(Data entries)
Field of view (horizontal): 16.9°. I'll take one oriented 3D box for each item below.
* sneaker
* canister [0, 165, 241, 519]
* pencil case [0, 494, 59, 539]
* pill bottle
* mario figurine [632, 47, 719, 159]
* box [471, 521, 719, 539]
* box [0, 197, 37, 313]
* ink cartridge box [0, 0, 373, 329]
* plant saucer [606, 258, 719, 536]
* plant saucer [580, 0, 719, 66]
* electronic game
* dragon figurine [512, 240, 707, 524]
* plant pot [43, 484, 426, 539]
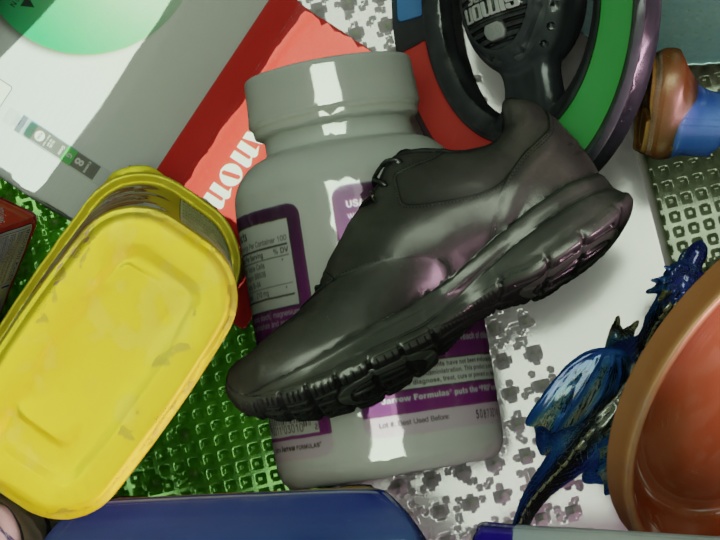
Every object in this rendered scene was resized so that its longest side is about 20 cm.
[{"bbox_3d":[0.020,-0.003,1.084,0.200,0.076,0.091,-31,76,-10],"label":"sneaker"},{"bbox_3d":[-0.117,0.030,1.112,0.087,0.200,0.149,35,92,-7],"label":"canister"},{"bbox_3d":[-0.185,0.133,1.130,0.089,0.200,0.078,11,87,7],"label":"pencil case"},{"bbox_3d":[0.000,0.000,1.167,0.112,0.112,0.200,-9,86,5],"label":"pill bottle"},{"bbox_3d":[0.232,-0.086,1.134,0.200,0.124,0.106,6,129,0],"label":"mario figurine"},{"bbox_3d":[0.170,0.166,1.008,0.200,0.184,0.105,-4,78,48],"label":"box"},{"bbox_3d":[-0.246,0.047,1.172,0.095,0.100,0.200,25,102,8],"label":"box"},{"bbox_3d":[-0.102,-0.090,1.219,0.200,0.050,0.161,33,89,9],"label":"ink cartridge box"},{"bbox_3d":[0.195,0.051,1.119,0.200,0.200,0.032,-46,48,0],"label":"plant saucer"},{"bbox_3d":[0.165,-0.199,1.207,0.201,0.039,0.201,0,86,6],"label":"plant saucer"},{"bbox_3d":[0.075,-0.131,1.147,0.042,0.200,0.200,-4,83,-34],"label":"electronic game"},{"bbox_3d":[0.118,0.069,1.157,0.059,0.099,0.200,40,90,8],"label":"dragon figurine"},{"bbox_3d":[-0.050,0.199,1.118,0.200,0.200,0.180,-3,78,5],"label":"plant pot"}]

→ **WHAT TO PRODUCE**:
With the pictures omitted, reproduce the records in full and exactly.

→ **RESPONSE BELOW**:
Field of view (horizontal): 16.9°. I'll take one oriented 3D box for each item below.
* sneaker
* canister [0, 165, 241, 519]
* pencil case [0, 494, 59, 539]
* pill bottle
* mario figurine [632, 47, 719, 159]
* box [471, 521, 719, 539]
* box [0, 197, 37, 313]
* ink cartridge box [0, 0, 373, 329]
* plant saucer [606, 258, 719, 536]
* plant saucer [580, 0, 719, 66]
* electronic game
* dragon figurine [512, 240, 707, 524]
* plant pot [43, 484, 426, 539]
Every object in this rendered scene was resized so that its longest side is about 20 cm.
[{"bbox_3d":[0.020,-0.003,1.084,0.200,0.076,0.091,-31,76,-10],"label":"sneaker"},{"bbox_3d":[-0.117,0.030,1.112,0.087,0.200,0.149,35,92,-7],"label":"canister"},{"bbox_3d":[-0.185,0.133,1.130,0.089,0.200,0.078,11,87,7],"label":"pencil case"},{"bbox_3d":[0.000,0.000,1.167,0.112,0.112,0.200,-9,86,5],"label":"pill bottle"},{"bbox_3d":[0.232,-0.086,1.134,0.200,0.124,0.106,6,129,0],"label":"mario figurine"},{"bbox_3d":[0.170,0.166,1.008,0.200,0.184,0.105,-4,78,48],"label":"box"},{"bbox_3d":[-0.246,0.047,1.172,0.095,0.100,0.200,25,102,8],"label":"box"},{"bbox_3d":[-0.102,-0.090,1.219,0.200,0.050,0.161,33,89,9],"label":"ink cartridge box"},{"bbox_3d":[0.195,0.051,1.119,0.200,0.200,0.032,-46,48,0],"label":"plant saucer"},{"bbox_3d":[0.165,-0.199,1.207,0.201,0.039,0.201,0,86,6],"label":"plant saucer"},{"bbox_3d":[0.075,-0.131,1.147,0.042,0.200,0.200,-4,83,-34],"label":"electronic game"},{"bbox_3d":[0.118,0.069,1.157,0.059,0.099,0.200,40,90,8],"label":"dragon figurine"},{"bbox_3d":[-0.050,0.199,1.118,0.200,0.200,0.180,-3,78,5],"label":"plant pot"}]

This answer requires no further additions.